__What the task requires__. Every record that follows should be written out word for word; the pictures stay out.

__Supplied material__.
----

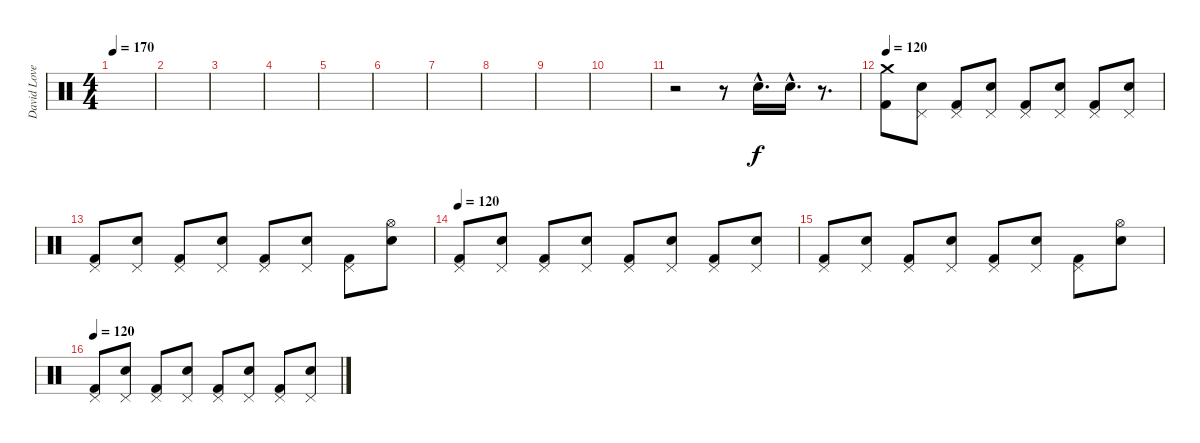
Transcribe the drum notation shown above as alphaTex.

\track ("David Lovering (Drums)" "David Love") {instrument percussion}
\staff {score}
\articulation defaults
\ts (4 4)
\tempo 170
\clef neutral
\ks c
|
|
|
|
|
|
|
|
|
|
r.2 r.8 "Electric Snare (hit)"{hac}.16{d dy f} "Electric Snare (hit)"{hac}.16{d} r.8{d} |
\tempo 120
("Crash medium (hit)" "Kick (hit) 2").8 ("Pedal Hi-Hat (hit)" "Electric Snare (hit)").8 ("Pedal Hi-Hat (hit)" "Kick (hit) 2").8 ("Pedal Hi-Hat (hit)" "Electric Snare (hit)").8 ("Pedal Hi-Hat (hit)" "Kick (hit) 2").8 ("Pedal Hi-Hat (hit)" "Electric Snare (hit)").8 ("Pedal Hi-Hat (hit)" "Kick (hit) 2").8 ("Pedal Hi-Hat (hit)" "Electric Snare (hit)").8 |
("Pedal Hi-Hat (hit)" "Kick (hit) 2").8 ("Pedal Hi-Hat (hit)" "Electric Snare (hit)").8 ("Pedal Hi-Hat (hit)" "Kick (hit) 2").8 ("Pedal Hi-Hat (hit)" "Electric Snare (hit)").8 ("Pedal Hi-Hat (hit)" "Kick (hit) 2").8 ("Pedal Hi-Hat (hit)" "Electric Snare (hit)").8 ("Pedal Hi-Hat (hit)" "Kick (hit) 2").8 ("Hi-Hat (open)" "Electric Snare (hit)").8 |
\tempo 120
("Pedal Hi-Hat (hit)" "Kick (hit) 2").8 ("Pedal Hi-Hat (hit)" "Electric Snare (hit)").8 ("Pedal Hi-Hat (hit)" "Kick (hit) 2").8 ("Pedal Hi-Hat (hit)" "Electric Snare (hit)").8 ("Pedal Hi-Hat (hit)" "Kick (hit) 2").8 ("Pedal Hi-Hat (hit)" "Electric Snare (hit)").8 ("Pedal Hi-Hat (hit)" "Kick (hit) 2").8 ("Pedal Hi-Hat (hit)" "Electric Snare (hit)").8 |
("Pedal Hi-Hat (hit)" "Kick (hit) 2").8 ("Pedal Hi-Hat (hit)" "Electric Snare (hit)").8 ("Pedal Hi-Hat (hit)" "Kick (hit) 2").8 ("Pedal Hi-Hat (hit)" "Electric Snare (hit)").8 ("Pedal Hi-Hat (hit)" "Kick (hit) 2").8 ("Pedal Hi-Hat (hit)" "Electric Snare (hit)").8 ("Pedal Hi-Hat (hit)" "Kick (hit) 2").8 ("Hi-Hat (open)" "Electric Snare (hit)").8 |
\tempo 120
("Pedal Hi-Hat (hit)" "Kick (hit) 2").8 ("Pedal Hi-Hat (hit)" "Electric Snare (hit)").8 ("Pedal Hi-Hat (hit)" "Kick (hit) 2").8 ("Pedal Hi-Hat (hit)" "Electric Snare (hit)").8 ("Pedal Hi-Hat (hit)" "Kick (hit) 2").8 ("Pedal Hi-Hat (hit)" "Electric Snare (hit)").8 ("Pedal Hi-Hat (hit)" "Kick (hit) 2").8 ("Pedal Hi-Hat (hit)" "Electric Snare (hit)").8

----

__Problem solution__.
Transcribe the drum notation shown above as alphaTex.

\track ("David Lovering (Drums)" "David Love") {instrument percussion}
\staff {score}
\articulation defaults
\ts (4 4)
\tempo 170
\clef neutral
\ks c
|
|
|
|
|
|
|
|
|
|
r.2 r.8 "Electric Snare (hit)"{hac}.16{d dy f} "Electric Snare (hit)"{hac}.16{d} r.8{d} |
\tempo 120
("Crash medium (hit)" "Kick (hit) 2").8 ("Pedal Hi-Hat (hit)" "Electric Snare (hit)").8 ("Pedal Hi-Hat (hit)" "Kick (hit) 2").8 ("Pedal Hi-Hat (hit)" "Electric Snare (hit)").8 ("Pedal Hi-Hat (hit)" "Kick (hit) 2").8 ("Pedal Hi-Hat (hit)" "Electric Snare (hit)").8 ("Pedal Hi-Hat (hit)" "Kick (hit) 2").8 ("Pedal Hi-Hat (hit)" "Electric Snare (hit)").8 |
("Pedal Hi-Hat (hit)" "Kick (hit) 2").8 ("Pedal Hi-Hat (hit)" "Electric Snare (hit)").8 ("Pedal Hi-Hat (hit)" "Kick (hit) 2").8 ("Pedal Hi-Hat (hit)" "Electric Snare (hit)").8 ("Pedal Hi-Hat (hit)" "Kick (hit) 2").8 ("Pedal Hi-Hat (hit)" "Electric Snare (hit)").8 ("Pedal Hi-Hat (hit)" "Kick (hit) 2").8 ("Hi-Hat (open)" "Electric Snare (hit)").8 |
\tempo 120
("Pedal Hi-Hat (hit)" "Kick (hit) 2").8 ("Pedal Hi-Hat (hit)" "Electric Snare (hit)").8 ("Pedal Hi-Hat (hit)" "Kick (hit) 2").8 ("Pedal Hi-Hat (hit)" "Electric Snare (hit)").8 ("Pedal Hi-Hat (hit)" "Kick (hit) 2").8 ("Pedal Hi-Hat (hit)" "Electric Snare (hit)").8 ("Pedal Hi-Hat (hit)" "Kick (hit) 2").8 ("Pedal Hi-Hat (hit)" "Electric Snare (hit)").8 |
("Pedal Hi-Hat (hit)" "Kick (hit) 2").8 ("Pedal Hi-Hat (hit)" "Electric Snare (hit)").8 ("Pedal Hi-Hat (hit)" "Kick (hit) 2").8 ("Pedal Hi-Hat (hit)" "Electric Snare (hit)").8 ("Pedal Hi-Hat (hit)" "Kick (hit) 2").8 ("Pedal Hi-Hat (hit)" "Electric Snare (hit)").8 ("Pedal Hi-Hat (hit)" "Kick (hit) 2").8 ("Hi-Hat (open)" "Electric Snare (hit)").8 |
\tempo 120
("Pedal Hi-Hat (hit)" "Kick (hit) 2").8 ("Pedal Hi-Hat (hit)" "Electric Snare (hit)").8 ("Pedal Hi-Hat (hit)" "Kick (hit) 2").8 ("Pedal Hi-Hat (hit)" "Electric Snare (hit)").8 ("Pedal Hi-Hat (hit)" "Kick (hit) 2").8 ("Pedal Hi-Hat (hit)" "Electric Snare (hit)").8 ("Pedal Hi-Hat (hit)" "Kick (hit) 2").8 ("Pedal Hi-Hat (hit)" "Electric Snare (hit)").8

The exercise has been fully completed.